Work order:
Go through the following data and transcribe exactly the stretch of lines from the one holding "text – Mi dispiace" to the one holding "text – Vedo, caro", both included.

━━━━━━━━━━━━━━━━

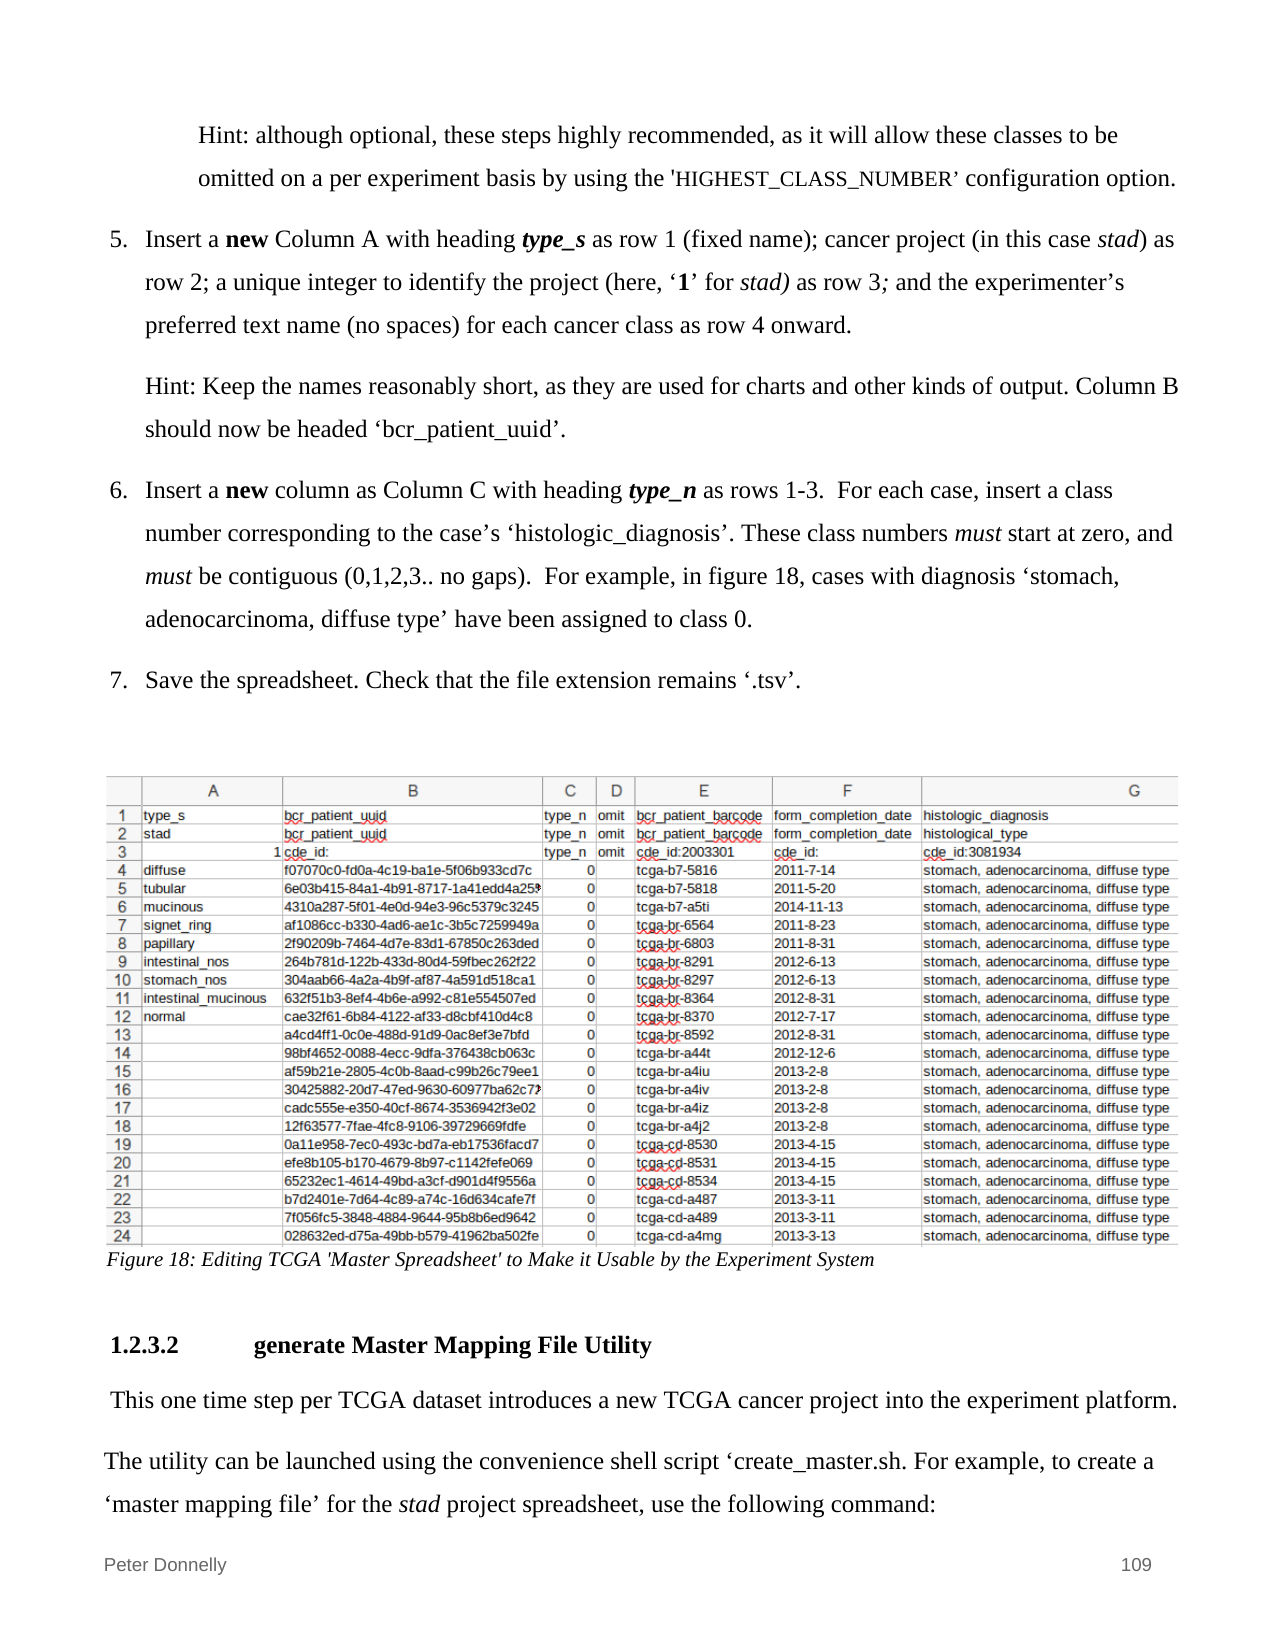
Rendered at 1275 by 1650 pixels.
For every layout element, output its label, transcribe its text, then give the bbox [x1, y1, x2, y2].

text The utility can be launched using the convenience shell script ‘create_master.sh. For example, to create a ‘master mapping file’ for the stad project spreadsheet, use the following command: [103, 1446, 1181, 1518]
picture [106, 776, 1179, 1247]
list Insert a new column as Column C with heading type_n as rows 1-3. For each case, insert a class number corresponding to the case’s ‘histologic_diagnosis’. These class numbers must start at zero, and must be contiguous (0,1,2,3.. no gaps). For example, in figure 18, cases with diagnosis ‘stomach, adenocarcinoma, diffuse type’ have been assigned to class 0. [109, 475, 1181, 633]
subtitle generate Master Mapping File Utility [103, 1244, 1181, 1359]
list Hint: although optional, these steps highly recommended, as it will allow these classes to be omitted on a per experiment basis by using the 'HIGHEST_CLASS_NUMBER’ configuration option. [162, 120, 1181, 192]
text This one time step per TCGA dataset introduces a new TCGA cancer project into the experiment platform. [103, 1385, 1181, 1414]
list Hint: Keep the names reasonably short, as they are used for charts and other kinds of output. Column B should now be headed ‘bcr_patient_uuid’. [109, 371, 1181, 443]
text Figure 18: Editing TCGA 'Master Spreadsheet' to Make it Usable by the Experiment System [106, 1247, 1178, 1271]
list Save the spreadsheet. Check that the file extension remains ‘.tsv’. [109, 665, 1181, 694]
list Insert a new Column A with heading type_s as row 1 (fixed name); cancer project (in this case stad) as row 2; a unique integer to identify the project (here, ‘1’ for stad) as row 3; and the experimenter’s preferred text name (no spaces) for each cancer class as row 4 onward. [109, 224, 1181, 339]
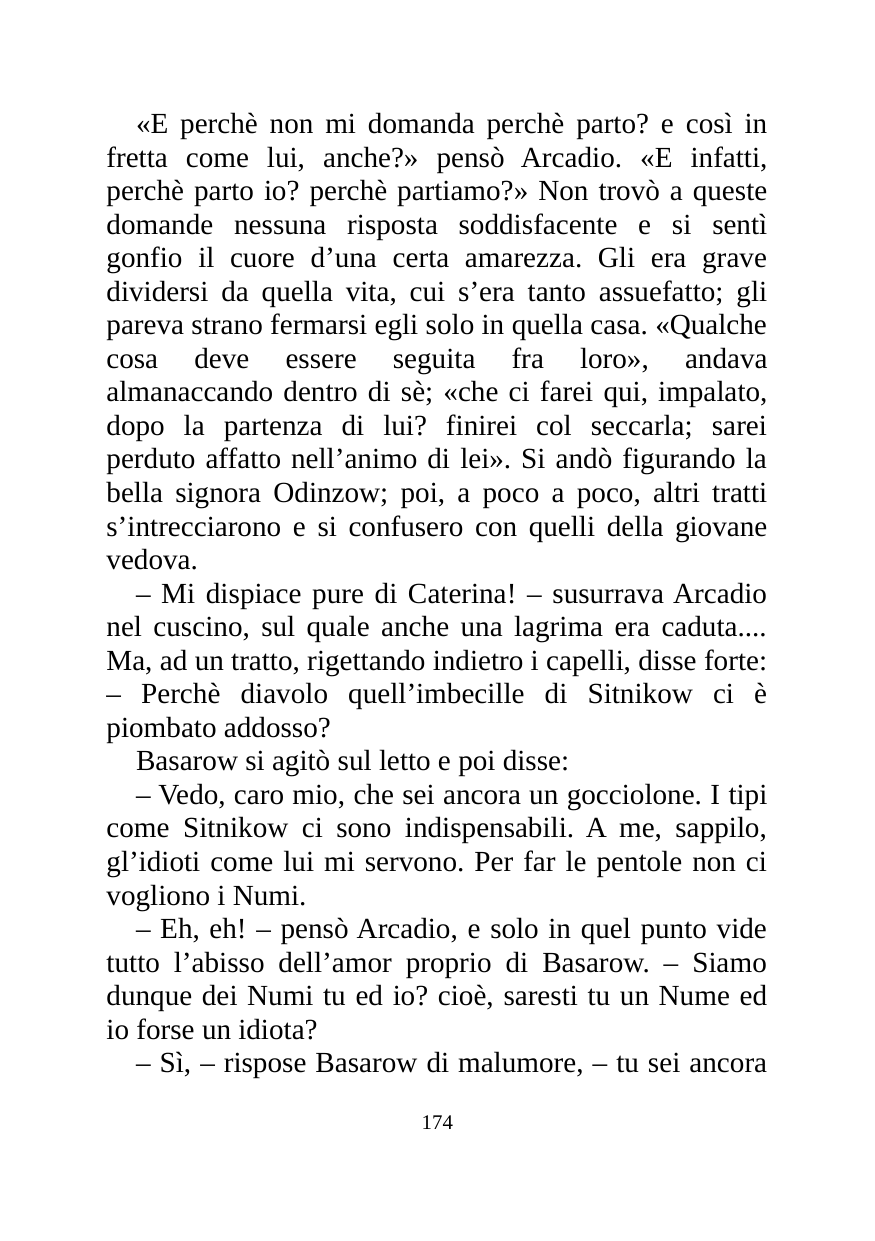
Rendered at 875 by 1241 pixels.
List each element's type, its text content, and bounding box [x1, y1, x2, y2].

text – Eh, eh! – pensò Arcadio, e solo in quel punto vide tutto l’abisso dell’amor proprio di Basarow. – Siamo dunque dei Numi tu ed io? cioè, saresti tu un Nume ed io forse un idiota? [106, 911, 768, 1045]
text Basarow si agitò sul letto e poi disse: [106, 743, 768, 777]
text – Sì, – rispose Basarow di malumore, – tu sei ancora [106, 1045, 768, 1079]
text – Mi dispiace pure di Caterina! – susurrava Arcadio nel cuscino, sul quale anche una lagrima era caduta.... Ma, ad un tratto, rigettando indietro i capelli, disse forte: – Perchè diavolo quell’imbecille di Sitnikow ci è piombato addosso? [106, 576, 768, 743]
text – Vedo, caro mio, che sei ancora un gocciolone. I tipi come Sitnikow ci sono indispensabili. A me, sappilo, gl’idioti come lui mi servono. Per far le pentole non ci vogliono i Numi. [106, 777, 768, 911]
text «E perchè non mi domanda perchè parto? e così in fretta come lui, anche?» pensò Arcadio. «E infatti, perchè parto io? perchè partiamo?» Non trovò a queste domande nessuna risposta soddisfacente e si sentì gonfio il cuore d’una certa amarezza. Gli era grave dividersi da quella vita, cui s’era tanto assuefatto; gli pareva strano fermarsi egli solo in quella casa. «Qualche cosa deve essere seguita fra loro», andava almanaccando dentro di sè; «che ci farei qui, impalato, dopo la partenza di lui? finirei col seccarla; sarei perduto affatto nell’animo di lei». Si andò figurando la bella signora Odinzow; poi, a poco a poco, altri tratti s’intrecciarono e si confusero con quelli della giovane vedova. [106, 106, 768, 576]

━━━━━━━━━━━━━━━━

Result of this task:
text – Mi dispiace pure di Caterina! – susurrava Arcadio nel cuscino, sul quale anche una lagrima era caduta.... Ma, ad un tratto, rigettando indietro i capelli, disse forte: – Perchè diavolo quell’imbecille di Sitnikow ci è piombato addosso? [106, 576, 768, 743]
text – Vedo, caro mio, che sei ancora un gocciolone. I tipi come Sitnikow ci sono indispensabili. A me, sappilo, gl’idioti come lui mi servono. Per far le pentole non ci vogliono i Numi. [106, 777, 768, 911]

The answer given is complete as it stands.